The paper validates this picture by numerically integrating the Langevin equation, reproducing the SCA flux–density curves, the hysteresis‑like dependence on initial conditions, and the noise‑induced switching events. Parameter sweeps show that larger decay rates α (faster pheromone removal) lower the effective barrier between the two fixed points, making noise‑driven unjamming more likely. Conversely, a small α stabilizes the PBC, suppressing fluctuations.
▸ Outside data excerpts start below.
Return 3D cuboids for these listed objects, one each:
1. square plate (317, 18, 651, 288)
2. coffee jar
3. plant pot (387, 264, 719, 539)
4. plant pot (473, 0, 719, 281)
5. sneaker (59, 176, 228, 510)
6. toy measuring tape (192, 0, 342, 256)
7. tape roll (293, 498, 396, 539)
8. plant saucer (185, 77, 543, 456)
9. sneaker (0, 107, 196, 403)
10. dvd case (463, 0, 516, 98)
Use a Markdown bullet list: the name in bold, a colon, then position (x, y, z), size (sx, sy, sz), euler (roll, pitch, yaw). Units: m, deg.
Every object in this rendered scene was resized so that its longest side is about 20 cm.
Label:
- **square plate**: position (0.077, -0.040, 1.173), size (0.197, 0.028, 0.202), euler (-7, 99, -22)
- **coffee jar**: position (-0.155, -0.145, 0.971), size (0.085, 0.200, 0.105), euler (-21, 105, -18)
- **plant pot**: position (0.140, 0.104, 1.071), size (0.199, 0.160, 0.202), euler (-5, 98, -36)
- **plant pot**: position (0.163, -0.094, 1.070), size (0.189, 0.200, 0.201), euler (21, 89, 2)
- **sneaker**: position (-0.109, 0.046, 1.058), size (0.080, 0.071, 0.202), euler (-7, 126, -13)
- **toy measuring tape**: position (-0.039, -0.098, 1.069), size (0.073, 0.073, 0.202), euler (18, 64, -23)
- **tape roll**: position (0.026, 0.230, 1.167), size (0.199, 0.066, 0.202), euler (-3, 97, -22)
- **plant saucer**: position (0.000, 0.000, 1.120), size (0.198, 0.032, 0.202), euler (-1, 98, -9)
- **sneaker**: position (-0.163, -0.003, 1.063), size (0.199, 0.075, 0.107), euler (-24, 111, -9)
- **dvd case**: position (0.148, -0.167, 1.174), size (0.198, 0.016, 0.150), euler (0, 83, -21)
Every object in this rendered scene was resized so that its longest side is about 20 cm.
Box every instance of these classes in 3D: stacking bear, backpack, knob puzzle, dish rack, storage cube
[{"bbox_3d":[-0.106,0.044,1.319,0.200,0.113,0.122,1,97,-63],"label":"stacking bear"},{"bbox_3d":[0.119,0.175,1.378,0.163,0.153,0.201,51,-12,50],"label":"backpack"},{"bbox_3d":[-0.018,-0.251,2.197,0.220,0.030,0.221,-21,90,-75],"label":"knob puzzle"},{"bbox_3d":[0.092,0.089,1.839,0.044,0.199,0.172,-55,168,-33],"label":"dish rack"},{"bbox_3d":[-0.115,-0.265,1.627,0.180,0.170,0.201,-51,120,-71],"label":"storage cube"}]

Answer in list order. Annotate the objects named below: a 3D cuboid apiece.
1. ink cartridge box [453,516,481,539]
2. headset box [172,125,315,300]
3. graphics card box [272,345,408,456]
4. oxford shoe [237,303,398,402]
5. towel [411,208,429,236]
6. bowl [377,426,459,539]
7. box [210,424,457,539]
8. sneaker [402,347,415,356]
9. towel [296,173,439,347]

In the discussion the authors compare their findings with classic traffic‑flow models, emphasizing that the jam formation here is driven not by external bottlenecks but by an internal chemotactic feedback loop. The identification of a saddle‑node bifurcation as the underlying mechanism distinguishes this system from second‑order phase transitions commonly reported in driven diffusive systems. They argue that the coarse‑grained Langevin description provides a versatile framework for analyzing similar quasi‑1D systems, such as bacterial swarms in microchannels, self‑propelled colloids with chemical signaling, or robotic swarms that use virtual pheromones for coordination.
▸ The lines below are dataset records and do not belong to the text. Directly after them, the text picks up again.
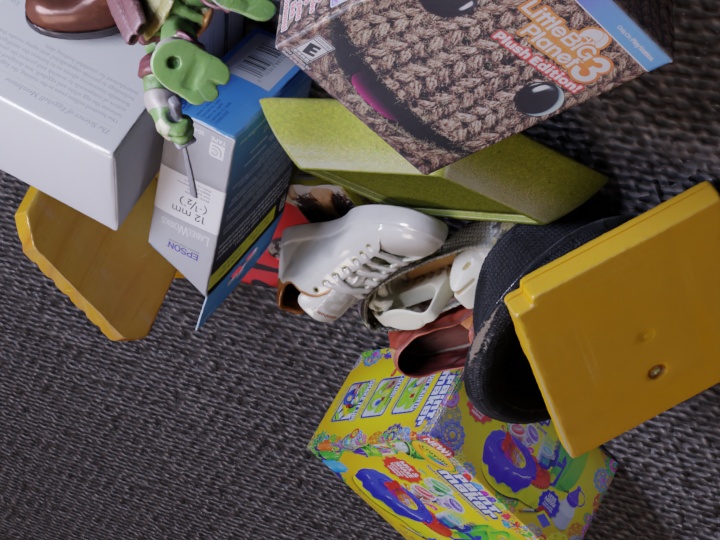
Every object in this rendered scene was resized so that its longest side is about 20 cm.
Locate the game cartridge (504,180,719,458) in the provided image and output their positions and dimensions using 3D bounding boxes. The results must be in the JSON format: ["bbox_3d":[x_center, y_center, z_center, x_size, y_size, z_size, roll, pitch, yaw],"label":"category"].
[{"bbox_3d":[0.210,0.040,1.574,0.032,0.176,0.200,60,177,44],"label":"game cartridge"}]

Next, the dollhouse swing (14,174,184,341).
[{"bbox_3d":[-0.266,-0.041,1.906,0.181,0.176,0.200,-2,139,47],"label":"dollhouse swing"}]

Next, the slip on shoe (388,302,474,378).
[{"bbox_3d":[0.112,0.046,1.735,0.200,0.061,0.074,-16,129,24],"label":"slip on shoe"}]

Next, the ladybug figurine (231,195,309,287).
[{"bbox_3d":[-0.097,-0.037,1.849,0.200,0.072,0.136,11,146,35],"label":"ladybug figurine"}]

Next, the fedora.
[{"bbox_3d":[0.150,0.022,1.618,0.092,0.200,0.201,54,172,42],"label":"fedora"}]

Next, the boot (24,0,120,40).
[{"bbox_3d":[-0.175,-0.263,1.474,0.188,0.069,0.200,-13,143,4],"label":"boot"}]

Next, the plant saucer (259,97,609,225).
[{"bbox_3d":[0.052,-0.078,1.562,0.200,0.048,0.199,5,169,41],"label":"plant saucer"}]

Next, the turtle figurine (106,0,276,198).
[{"bbox_3d":[-0.087,-0.155,1.425,0.194,0.144,0.200,-132,18,-76],"label":"turtle figurine"}]

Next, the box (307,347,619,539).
[{"bbox_3d":[0.096,0.173,1.943,0.200,0.122,0.192,44,149,-22],"label":"box"}]

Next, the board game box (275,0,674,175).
[{"bbox_3d":[0.074,-0.172,1.320,0.200,0.097,0.159,-25,134,34],"label":"board game box"}]

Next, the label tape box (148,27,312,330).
[{"bbox_3d":[-0.107,-0.073,1.658,0.066,0.143,0.200,26,131,11],"label":"label tape box"}]

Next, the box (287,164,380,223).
[{"bbox_3d":[0.019,-0.022,1.778,0.075,0.050,0.200,1,140,45],"label":"box"}]

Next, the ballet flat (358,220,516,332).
[{"bbox_3d":[0.077,0.009,1.690,0.200,0.072,0.072,-21,124,36],"label":"ballet flat"}]

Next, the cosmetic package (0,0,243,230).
[{"bbox_3d":[-0.223,-0.174,1.615,0.199,0.200,0.123,28,152,10],"label":"cosmetic package"}]

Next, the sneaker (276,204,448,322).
[{"bbox_3d":[0.000,0.000,1.677,0.073,0.085,0.200,21,161,-29],"label":"sneaker"}]

The paper concludes with several outlook points: extending the analysis to higher dimensions, incorporating multiple particle species with antagonistic chemotaxis, and exploring active control strategies (e.g., periodic removal of the chemotactic field) to prevent jam formation. Overall, the work offers a clear mechanistic link between microscopic chemotactic interactions, mesoscopic cluster dynamics, and macroscopic flow properties, and it demonstrates how a simple stochastic differential equation can capture the essential bifurcation structure governing jam emergence in counter‑chemotactic flows.